WORK TO COMPLETE -> Copy nothing from the entries below except the lines from the one containing "text Heemskerk in" through the one containing "text Deze verordening wordt", and copy those exactly.

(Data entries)

══════

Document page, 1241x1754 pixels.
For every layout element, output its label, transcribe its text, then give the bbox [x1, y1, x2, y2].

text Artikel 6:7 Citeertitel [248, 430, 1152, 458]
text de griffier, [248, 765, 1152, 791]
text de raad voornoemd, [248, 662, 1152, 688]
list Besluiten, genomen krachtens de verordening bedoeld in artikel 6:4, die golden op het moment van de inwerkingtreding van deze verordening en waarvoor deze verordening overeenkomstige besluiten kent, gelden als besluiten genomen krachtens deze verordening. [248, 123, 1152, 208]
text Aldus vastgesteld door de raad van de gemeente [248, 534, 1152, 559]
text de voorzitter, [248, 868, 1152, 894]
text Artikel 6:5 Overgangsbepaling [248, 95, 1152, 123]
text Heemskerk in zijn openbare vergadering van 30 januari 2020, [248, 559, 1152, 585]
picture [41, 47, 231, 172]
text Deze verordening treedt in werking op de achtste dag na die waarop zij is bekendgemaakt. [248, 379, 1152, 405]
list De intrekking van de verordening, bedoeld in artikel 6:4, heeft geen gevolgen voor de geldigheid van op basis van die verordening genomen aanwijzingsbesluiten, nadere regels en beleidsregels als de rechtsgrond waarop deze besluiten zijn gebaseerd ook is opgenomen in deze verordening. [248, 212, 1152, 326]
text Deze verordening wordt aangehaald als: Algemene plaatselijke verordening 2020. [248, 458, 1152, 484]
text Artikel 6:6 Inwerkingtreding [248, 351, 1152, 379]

══════

SOLUTION FOR THIS EXERCISE ->
text Heemskerk in zijn openbare vergadering van 30 januari 2020, [248, 559, 1152, 585]
picture [41, 47, 231, 172]
text Deze verordening treedt in werking op de achtste dag na die waarop zij is bekendgemaakt. [248, 379, 1152, 405]
list De intrekking van de verordening, bedoeld in artikel 6:4, heeft geen gevolgen voor de geldigheid van op basis van die verordening genomen aanwijzingsbesluiten, nadere regels en beleidsregels als de rechtsgrond waarop deze besluiten zijn gebaseerd ook is opgenomen in deze verordening. [248, 212, 1152, 326]
text Deze verordening wordt aangehaald als: Algemene plaatselijke verordening 2020. [248, 458, 1152, 484]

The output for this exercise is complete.